For production agent systems, the key lesson is that a JavaScript expression sandbox is not a complete boundary for secrets, tools, workspaces, or internal networks. The upgrade is required, but the prompt also asks the agent to move untrusted code toward stronger isolation.
When to use it
Use this recipe when a repository may evaluate JavaScript expressions with
@nyariv/sandboxjs, especially in plugin systems, workflow builders,
notebooks, tenant customization, or agent-generated automation. It is most
valuable when the runtime also carries secrets, source workspaces, package
tokens, internal network access, or model/tool credentials.
Do not use it to run sandbox-escape payloads. Use it to produce a patch, triage note, or operator handoff that proves whether the dependency and runtime authority are safe.
Inputs
- Package manifests, lockfiles, SBOMs, dependency reports, container manifests,
and deployment artifacts that may resolve
@nyariv/sandboxjs. - SandboxJS call sites, shared expression-evaluation helpers, plugin runners, workflow engines, notebook services, and test fixtures.
- Classification of expression input sources: trusted internal code, admins, users, tenants, plugins, workflows, queues, or agent outputs.
- Runtime authority for the sandbox process: environment variables, mounted files, package tokens, CI secrets, cloud credentials, model keys, network reachability, and CPU/memory/time limits.

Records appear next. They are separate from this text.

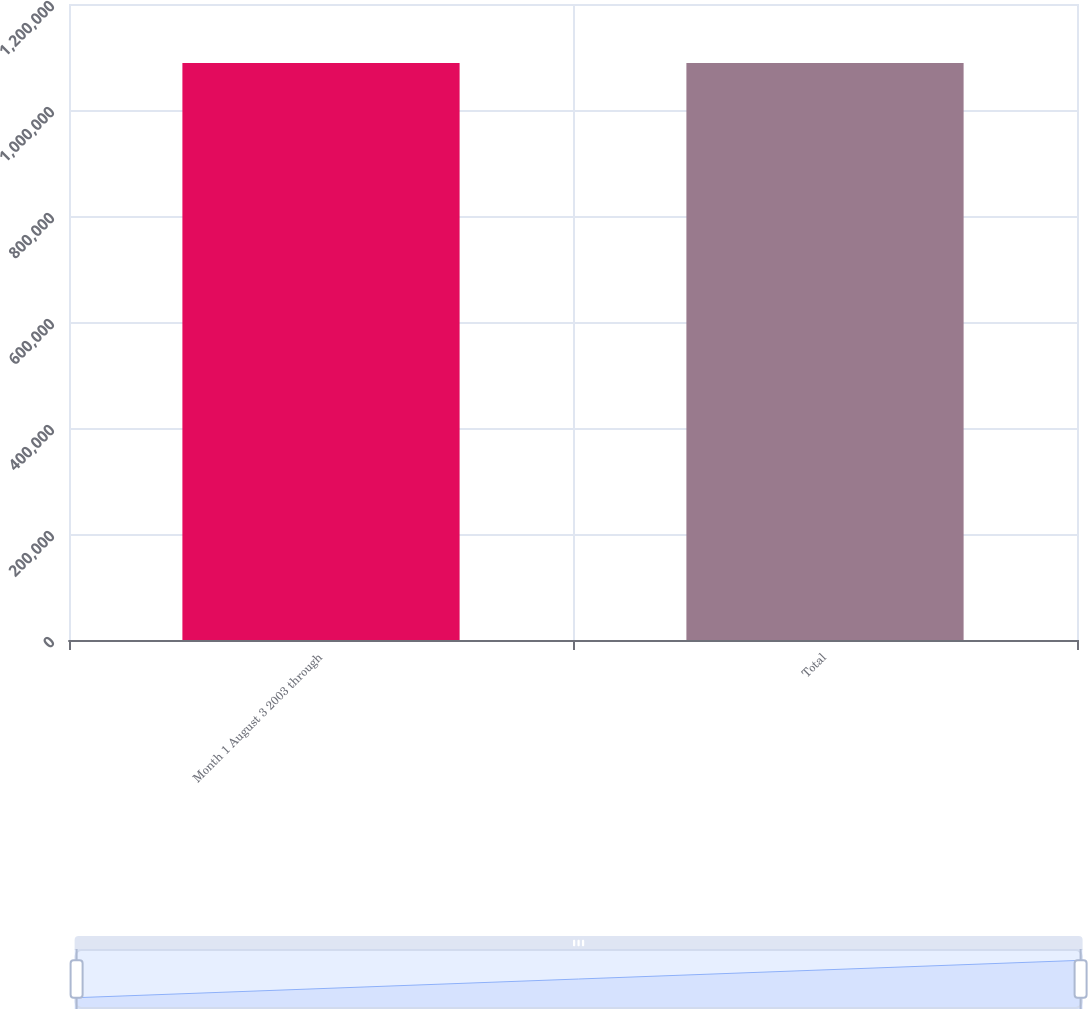<chart> <loc_0><loc_0><loc_500><loc_500><bar_chart><fcel>Month 1 August 3 2003 through<fcel>Total<nl><fcel>1.08861e+06<fcel>1.08861e+06<nl></chart> 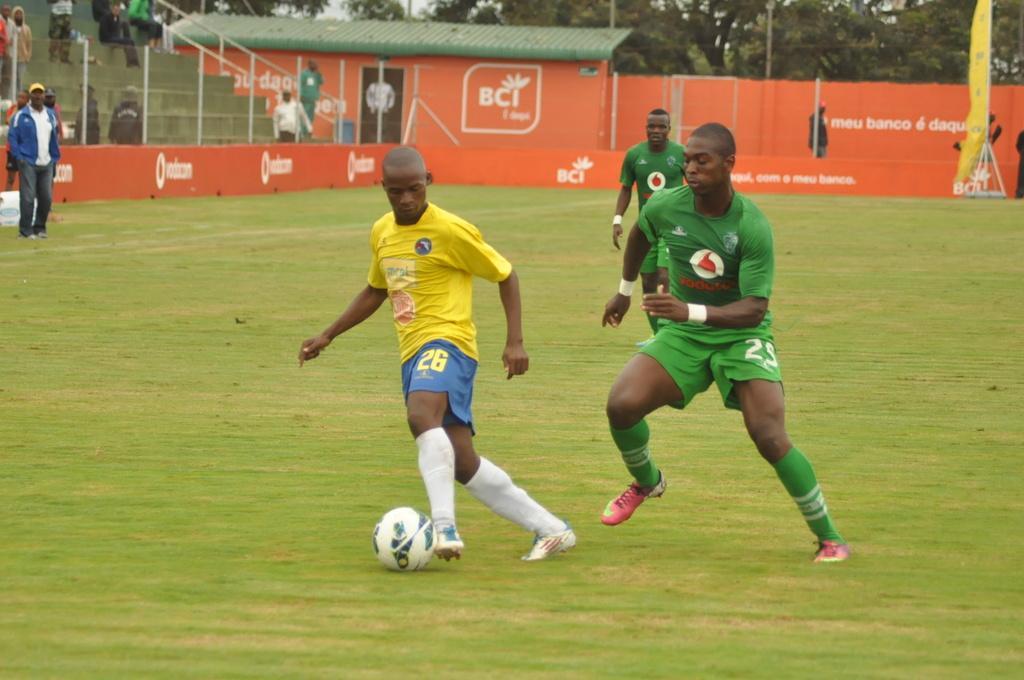Could you give a brief overview of what you see in this image? In this picture we can see a ball and three men are running on the ground and in the background we can see a group of people standing on steps, door, wall, trees. 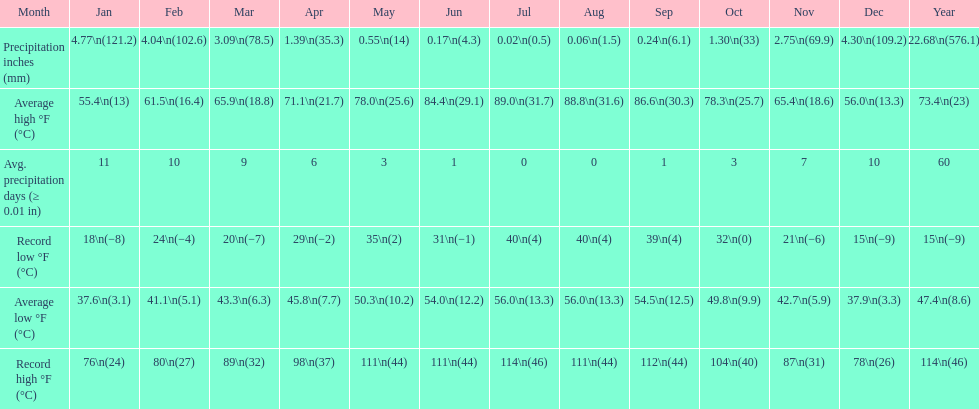In which month did the average high temperature reach 8 July.

- Existing incident-response, credential-rotation, and artifact-rebuild requirements for runtimes that may have evaluated untrusted code.
Affected versions
| Package | Vulnerable versions | Fixed versions |
|---|---|---|
@nyariv/sandboxjs |
<=0.9.5 |
0.9.6 |
Indicator-of-exposure
- The repository depends on
@nyariv/sandboxjs <=0.9.5. - SandboxJS evaluates user, tenant, plugin, notebook, workflow, or agent-generated expressions.
- The sandboxed process can access environment variables, source workspaces, package-manager tokens, cloud credentials, internal services, or build artifacts.
Quick checks:
rg -n "@nyariv/sandboxjs|SandboxJS|new sandb|compile\\(|\\.run\\(|sandboxed|expression" .
npm ls @nyariv/sandboxjs
pnpm why @nyariv/sandboxjs
yarn why @nyariv/sandboxjs
Remediation strategy
- Upgrade
@nyariv/sandboxjsto0.9.6+. - Treat any vulnerable sandbox runtime as potentially escaped if it processed untrusted code.
- Remove secrets and broad filesystem/network authority from the process that evaluates sandboxed expressions.
- Add policy tests that reject dangerous sandbox use for untrusted code unless the execution runs in a stronger isolation boundary.
- Rotate credentials if untrusted sandboxed code could have run before the patch.
The prompt
You are remediating CVE-2026-43898 in `@nyariv/sandboxjs`. Produce exactly one
output:
- A reviewer-ready PR/change request that upgrades SandboxJS, reduces host
authority around sandbox execution, adds policy tests, refreshes generated
artifacts, and documents operator cleanup, or
- TRIAGE.md if this repository does not control an affected SandboxJS runtime.
## Rules
- Scope only CVE-2026-43898 and directly related sandbox isolation hardening.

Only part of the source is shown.